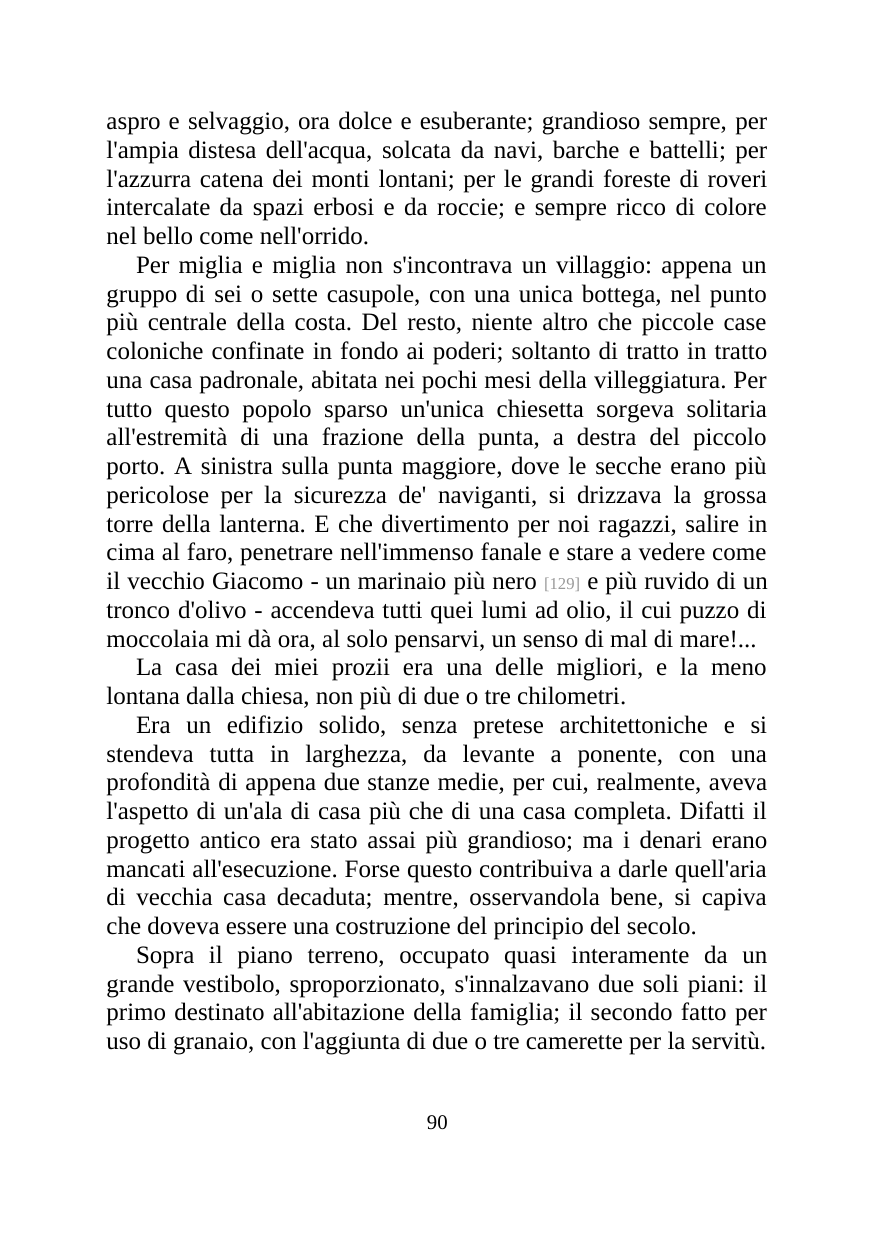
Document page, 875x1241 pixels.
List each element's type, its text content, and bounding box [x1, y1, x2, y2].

text Per miglia e miglia non s'incontrava un villaggio: appena un gruppo di sei o sette casupole, con una unica bottega, nel punto più centrale della costa. Del resto, niente altro che piccole case coloniche confinate in fondo ai poderi; soltanto di tratto in tratto una casa padronale, abitata nei pochi mesi della villeggiatura. Per tutto questo popolo sparso un'unica chiesetta sorgeva solitaria all'estremità di una frazione della punta, a destra del piccolo porto. A sinistra sulla punta maggiore, dove le secche erano più pericolose per la sicurezza de' naviganti, si drizzava la grossa torre della lanterna. E che divertimento per noi ragazzi, salire in cima al faro, penetrare nell'immenso fanale e stare a vedere come il vecchio Giacomo - un marinaio più nero [129] e più ruvido di un tronco d'olivo - accendeva tutti quei lumi ad olio, il cui puzzo di moccolaia mi dà ora, al solo pensarvi, un senso di mal di mare!... [106, 250, 768, 652]
text La casa dei miei prozii era una delle migliori, e la meno lontana dalla chiesa, non più di due o tre chilometri. [106, 652, 768, 710]
text Era un edifizio solido, senza pretese architettoniche e si stendeva tutta in larghezza, da levante a ponente, con una profondità di appena due stanze medie, per cui, realmente, aveva l'aspetto di un'ala di casa più che di una casa completa. Difatti il progetto antico era stato assai più grandioso; ma i denari erano mancati all'esecuzione. Forse questo contribuiva a darle quell'aria di vecchia casa decaduta; mentre, osservandola bene, si capiva che doveva essere una costruzione del principio del secolo. [106, 710, 768, 940]
text Sopra il piano terreno, occupato quasi interamente da un grande vestibolo, sproporzionato, s'innalzavano due soli piani: il primo destinato all'abitazione della famiglia; il secondo fatto per uso di granaio, con l'aggiunta di due o tre camerette per la servitù. [106, 940, 768, 1055]
text aspro e selvaggio, ora dolce e esuberante; grandioso sempre, per l'ampia distesa dell'acqua, solcata da navi, barche e battelli; per l'azzurra catena dei monti lontani; per le grandi foreste di roveri intercalate da spazi erbosi e da roccie; e sempre ricco di colore nel bello come nell'orrido. [106, 106, 768, 250]
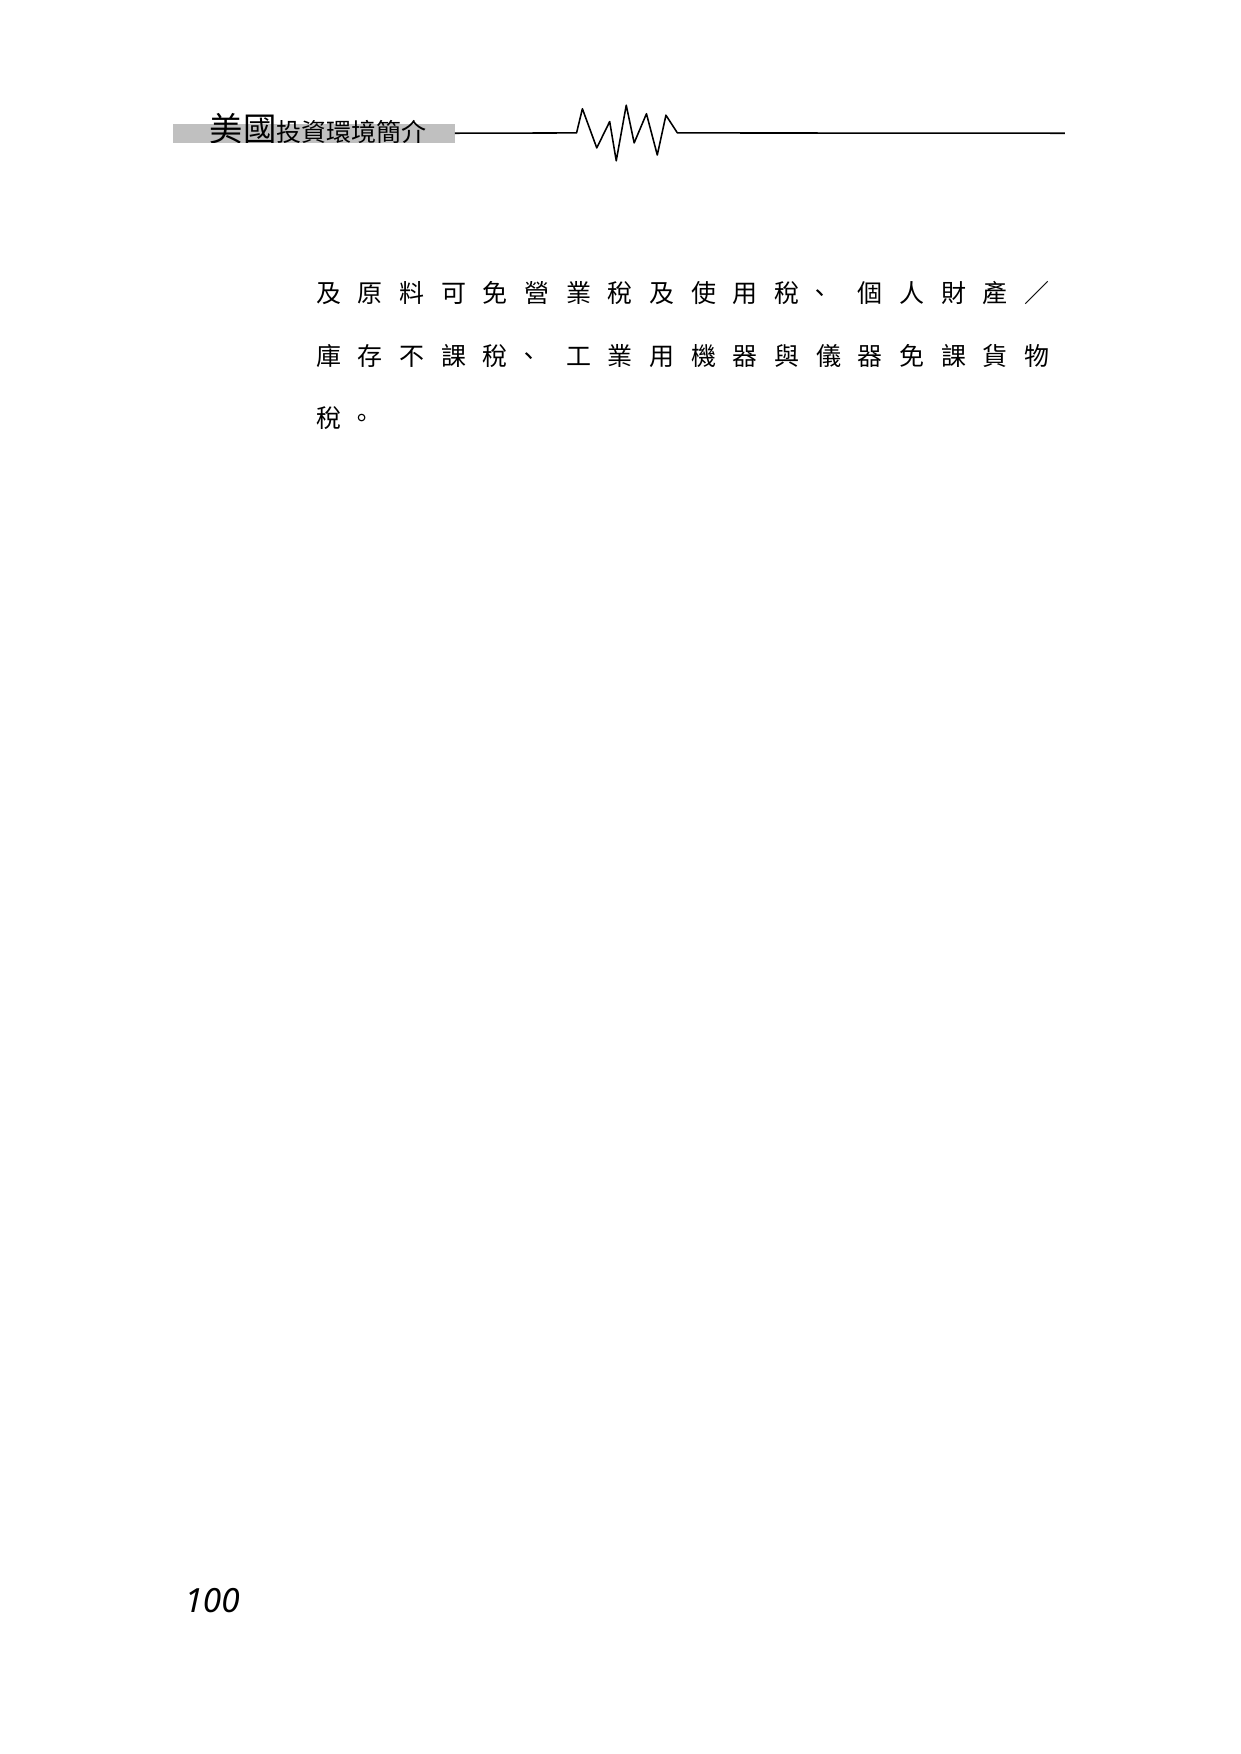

------------------------------

What is needed
Except for the pictures, return every line of the material exactly.

Answer to this exercise
Document page, 875x1241 pixels.
List each element's type, its text content, and bounding box [x1, y1, x2, y2].

text Per miglia e miglia non s'incontrava un villaggio: appena un gruppo di sei o sette casupole, con una unica bottega, nel punto più centrale della costa. Del resto, niente altro che piccole case coloniche confinate in fondo ai poderi; soltanto di tratto in tratto una casa padronale, abitata nei pochi mesi della villeggiatura. Per tutto questo popolo sparso un'unica chiesetta sorgeva solitaria all'estremità di una frazione della punta, a destra del piccolo porto. A sinistra sulla punta maggiore, dove le secche erano più pericolose per la sicurezza de' naviganti, si drizzava la grossa torre della lanterna. E che divertimento per noi ragazzi, salire in cima al faro, penetrare nell'immenso fanale e stare a vedere come il vecchio Giacomo - un marinaio più nero [129] e più ruvido di un tronco d'olivo - accendeva tutti quei lumi ad olio, il cui puzzo di moccolaia mi dà ora, al solo pensarvi, un senso di mal di mare!... [106, 250, 768, 652]
text La casa dei miei prozii era una delle migliori, e la meno lontana dalla chiesa, non più di due o tre chilometri. [106, 652, 768, 710]
text Era un edifizio solido, senza pretese architettoniche e si stendeva tutta in larghezza, da levante a ponente, con una profondità di appena due stanze medie, per cui, realmente, aveva l'aspetto di un'ala di casa più che di una casa completa. Difatti il progetto antico era stato assai più grandioso; ma i denari erano mancati all'esecuzione. Forse questo contribuiva a darle quell'aria di vecchia casa decaduta; mentre, osservandola bene, si capiva che doveva essere una costruzione del principio del secolo. [106, 710, 768, 940]
text Sopra il piano terreno, occupato quasi interamente da un grande vestibolo, sproporzionato, s'innalzavano due soli piani: il primo destinato all'abitazione della famiglia; il secondo fatto per uso di granaio, con l'aggiunta di due o tre camerette per la servitù. [106, 940, 768, 1055]
text aspro e selvaggio, ora dolce e esuberante; grandioso sempre, per l'ampia distesa dell'acqua, solcata da navi, barche e battelli; per l'azzurra catena dei monti lontani; per le grandi foreste di roveri intercalate da spazi erbosi e da roccie; e sempre ricco di colore nel bello come nell'orrido. [106, 106, 768, 250]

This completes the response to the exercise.